As described above, also in the second embodiment, by forming a chamfered portion on the surface on which the amorphous magnetic material is formed and the edge on the tape sliding surface side, the same as in the first embodiment,
Glass can be filled into the track width regulating groove without causing glass breakage, bubbles and cracks.

[0016]

As described above, the present invention chamfers at a certain angle at the edge on the tape sliding surface side of the surface on which the ferromagnetic metal thin film such as the amorphous magnetic material of the magnetic core half made of ferrite is formed. In the process of forming the working gap, joining the core, and filling the glass in the track width regulating groove, the glass filling into the track width regulating groove is performed safely, providing high yield and cost The manufacture of a composite magnetic head having a good quality can be realized.

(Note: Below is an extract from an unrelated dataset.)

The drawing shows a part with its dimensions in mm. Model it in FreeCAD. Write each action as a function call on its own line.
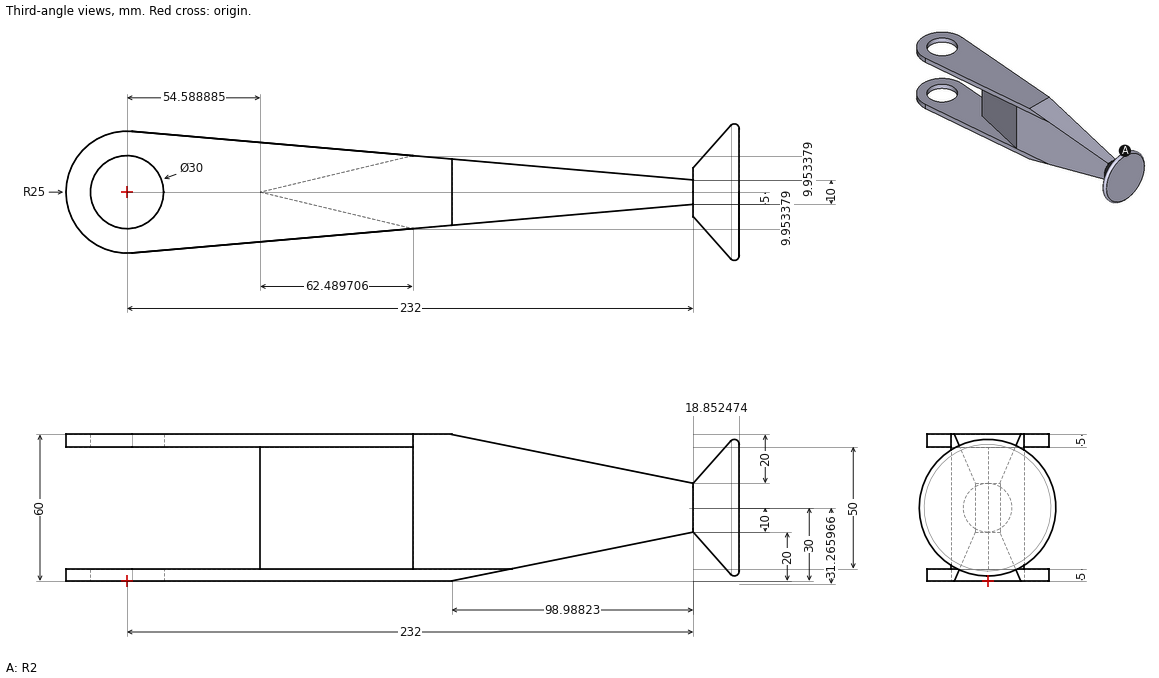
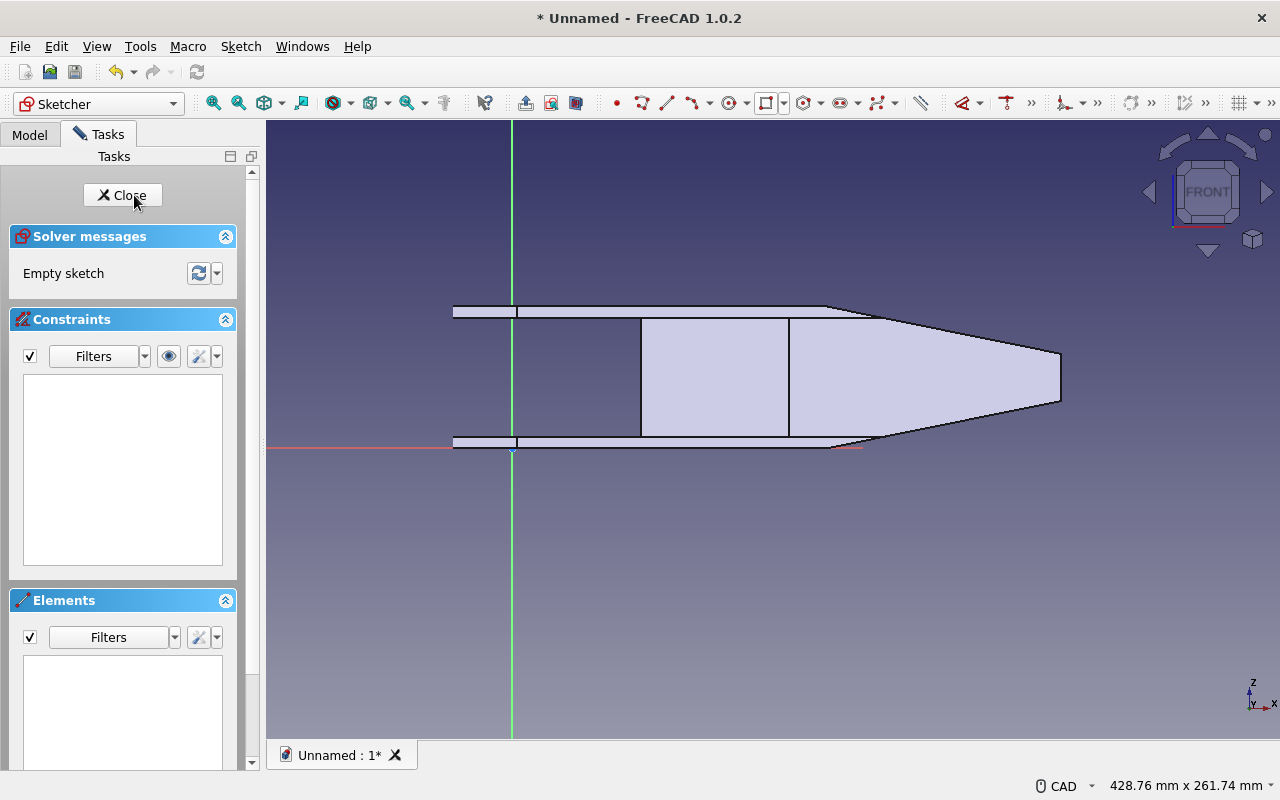
click(576, 104)

[Brief description of the drawings]

FIG. 1 is an external view of a composite magnetic head according to a first embodiment of the present invention.

FIG. 2 is a process chart showing a method of manufacturing the composite magnetic head in the first embodiment.

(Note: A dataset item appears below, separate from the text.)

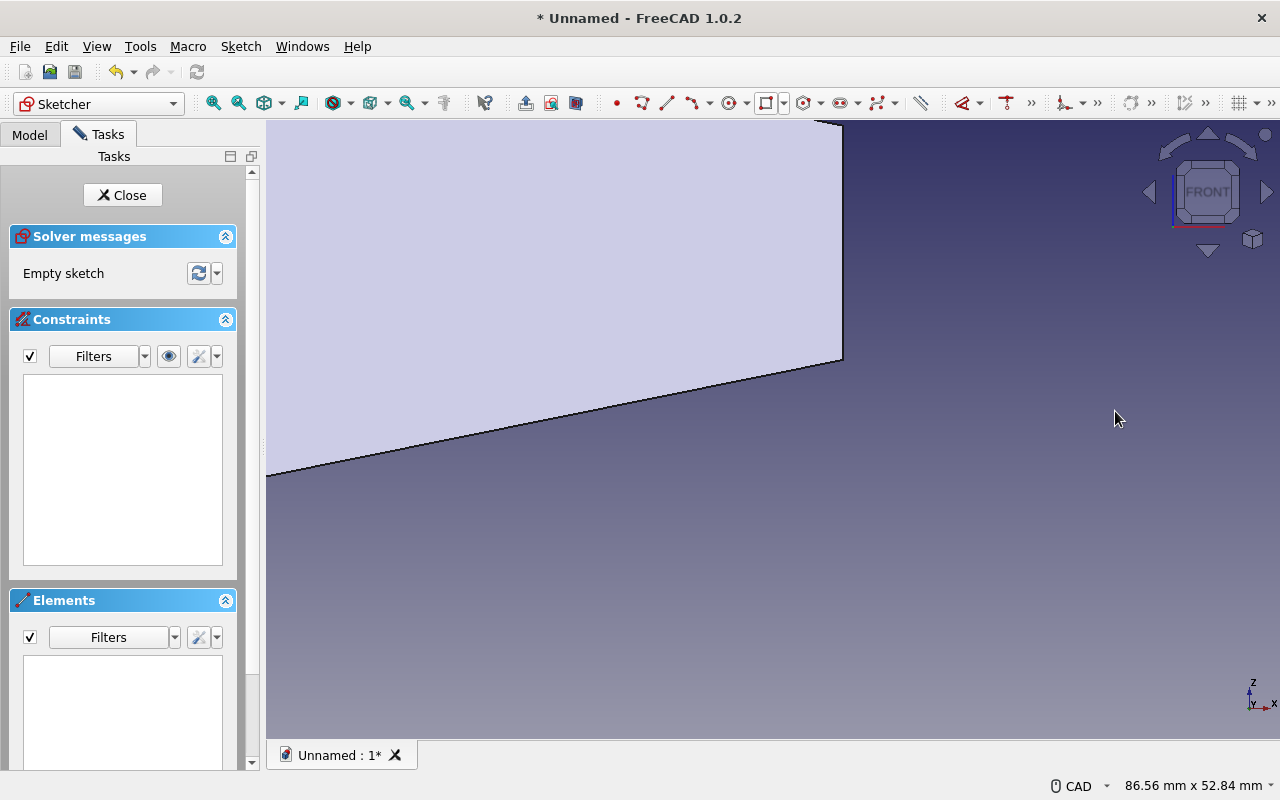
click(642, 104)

FIG. 3 is an external view of a composite magnetic head according to the first embodiment.

FIG. 4 is an external view of a composite magnetic head according to a second embodiment of the present invention.

FIG. 5 is an external view of a conventional composite magnetic head.

FIG. 6 is a process chart showing a method for manufacturing a conventional composite magnetic head.

[Explanation of symbols]

 DESCRIPTION OF SYMBOLS 1a Magnetic core half 1b Magnetic core half 2 Winding groove 3 Ferromagnetic metal thin film 4 Non-magnetic gap spacer 5 Core joining glass 6 Glass rod insertion groove 7 Track width regulation groove 8 Magnetic head unit 9 Chamfer

Claims (2)

(57) [Claims] 1. A magnetic gap is formed by forming a pair of magnetic core halves made of a ferromagnetic oxide having a ferromagnetic metal thin film formed thereon and abutting the ferromagnetic metal thin films via a non-magnetic material. A method of manufacturing a composite magnetic head, comprising: chamfering an edge of a surface on which a ferromagnetic metal thin film of a ferromagnetic oxide is formed on a side on which a tape sliding surface is formed; Making the surface on which the magnetic metal thin film is formed a mirror surface; forming a winding groove on the surface; and forming a plurality of grooves substantially perpendicular to the winding groove and having a certain width. Forming a ferromagnetic metal thin film on the mirror-finished surface of the ferromagnetic oxide, forming a non-magnetic gap spacer on the ferromagnetic metal thin film and aligning the protrusion with the groove. Magnetic core block filled with glass Obtaining a magnetic head block by cutting the magnetic core block with a predetermined thickness and azimuth angle, and grinding and polishing the chamfer.
Forming a tape sliding surface by removing the composite magnetic head. 2. A composite for forming a magnetic gap by forming a pair of magnetic core halves made of a ferromagnetic oxide having a ferromagnetic metal thin film formed thereon and abutting the ferromagnetic metal thin films via a non-magnetic material. Forming a ferromagnetic metal thin film on a ferromagnetic oxide, comprising: forming a ferromagnetic metal thin film on the surface of the ferromagnetic metal thin film on the tape sliding surface side; Chamfering the edge at a certain angle, forming a winding groove on the surface on the ferromagnetic metal thin film, and mirror-finishing the metal thin film surface, substantially perpendicular to the winding groove Forming multiple grooves,
A step of forming a projection having a certain width, a step of forming a nonmagnetic gap spacer on the ferromagnetic metal thin film, abutting the projections, filling the groove with glass, and obtaining a magnetic core block; Cutting the magnetic core block with a predetermined thickness and azimuth angle to obtain a magnetic head unit, and grinding and polishing the chamfer.
Forming a tape sliding surface by removing the composite magnetic head.